Photos de rencontres, photos avec les familles, achat d'alliances en commun (facture aux deux noms), préparatifs de la cérémonie avec invitation et
implication de la famille et des amis, éventuellement préparatifs de mariage religieux, réservation d'un traiteur, etc ...

Toutes preuves d'une volonté de mariage qui ne soient pas directement liées à la cérémonie civil ou aux relations administratives.

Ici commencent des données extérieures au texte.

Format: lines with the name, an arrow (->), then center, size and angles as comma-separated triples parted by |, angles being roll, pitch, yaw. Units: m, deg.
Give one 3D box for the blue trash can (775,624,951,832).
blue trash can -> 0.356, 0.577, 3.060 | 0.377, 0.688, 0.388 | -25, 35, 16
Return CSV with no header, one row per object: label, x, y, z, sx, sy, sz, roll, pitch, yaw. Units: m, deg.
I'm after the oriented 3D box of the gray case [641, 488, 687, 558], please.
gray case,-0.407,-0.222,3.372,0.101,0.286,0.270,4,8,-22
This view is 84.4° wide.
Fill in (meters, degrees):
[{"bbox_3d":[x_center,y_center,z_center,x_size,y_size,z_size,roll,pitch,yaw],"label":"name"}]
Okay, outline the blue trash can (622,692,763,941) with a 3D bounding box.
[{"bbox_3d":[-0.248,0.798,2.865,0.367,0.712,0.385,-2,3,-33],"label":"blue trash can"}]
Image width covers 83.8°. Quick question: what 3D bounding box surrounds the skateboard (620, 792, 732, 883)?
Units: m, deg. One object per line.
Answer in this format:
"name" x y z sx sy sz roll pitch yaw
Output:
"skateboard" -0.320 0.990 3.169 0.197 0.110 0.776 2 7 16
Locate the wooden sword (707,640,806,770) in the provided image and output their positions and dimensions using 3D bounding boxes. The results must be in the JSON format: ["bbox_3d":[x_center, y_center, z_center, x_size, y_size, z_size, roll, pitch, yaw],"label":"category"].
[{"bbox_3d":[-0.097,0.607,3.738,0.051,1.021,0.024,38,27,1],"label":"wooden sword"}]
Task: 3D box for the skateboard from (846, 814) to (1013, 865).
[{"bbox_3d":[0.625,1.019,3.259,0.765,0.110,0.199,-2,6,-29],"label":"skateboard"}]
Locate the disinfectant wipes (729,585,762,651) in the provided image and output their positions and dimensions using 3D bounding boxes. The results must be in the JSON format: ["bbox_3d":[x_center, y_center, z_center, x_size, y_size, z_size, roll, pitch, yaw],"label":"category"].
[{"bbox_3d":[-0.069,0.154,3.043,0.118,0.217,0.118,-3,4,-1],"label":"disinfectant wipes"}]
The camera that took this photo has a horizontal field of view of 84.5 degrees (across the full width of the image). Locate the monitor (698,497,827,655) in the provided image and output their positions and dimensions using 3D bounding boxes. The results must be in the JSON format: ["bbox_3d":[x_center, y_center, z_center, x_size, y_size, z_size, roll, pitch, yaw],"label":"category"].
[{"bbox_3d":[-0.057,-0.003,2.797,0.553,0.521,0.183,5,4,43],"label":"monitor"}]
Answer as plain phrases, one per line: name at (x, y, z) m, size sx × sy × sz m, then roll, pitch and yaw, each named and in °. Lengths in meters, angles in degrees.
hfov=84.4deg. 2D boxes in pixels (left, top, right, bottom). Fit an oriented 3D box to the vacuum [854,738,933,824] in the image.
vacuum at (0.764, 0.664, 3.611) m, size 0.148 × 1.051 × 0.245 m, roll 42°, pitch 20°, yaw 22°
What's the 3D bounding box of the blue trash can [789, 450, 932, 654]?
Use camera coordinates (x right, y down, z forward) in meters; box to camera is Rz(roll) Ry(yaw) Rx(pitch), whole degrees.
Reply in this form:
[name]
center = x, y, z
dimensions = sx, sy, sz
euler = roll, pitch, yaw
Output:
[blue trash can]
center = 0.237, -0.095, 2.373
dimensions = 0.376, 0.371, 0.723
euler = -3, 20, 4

Evidemment preuves de vie en commun pour tous ceux qui vivraient ensemble avant le mariage et preuves de relations suivies, régulières et autant que
possible dans la durée pour tous ceux qui ne vivraient pas ensemble avant le mariage.

Et surtout signature d'un contrat de mariage devant notaire. Il est fortement conseillé que ce contrat de mariage soit signé sur la base d'une
séparation de bien et non pas d'un régime en commun. Non pas en signe de défiance pour la sincérité ou la confiance mutuelle entre futurs époux mais
pour pouvoir prouver que ce mariage n'est pas effectué par volonté vénale ou appât du gain de la part du conjoint étranger.

Deux amendements concernent les mariages gris dans le nouveau projet de loi Besson sur l'immigration. L'administration pourra accuser quasi sans preuve
et contre la volonté du futur conjoint français puisque par définition ce dernier est une victime sincère et abusée dans le cas d'un mariage gris. A charge pour
le couple de se défendre et d'apporter la preuve du contraire. Il ne faut pas donner prise.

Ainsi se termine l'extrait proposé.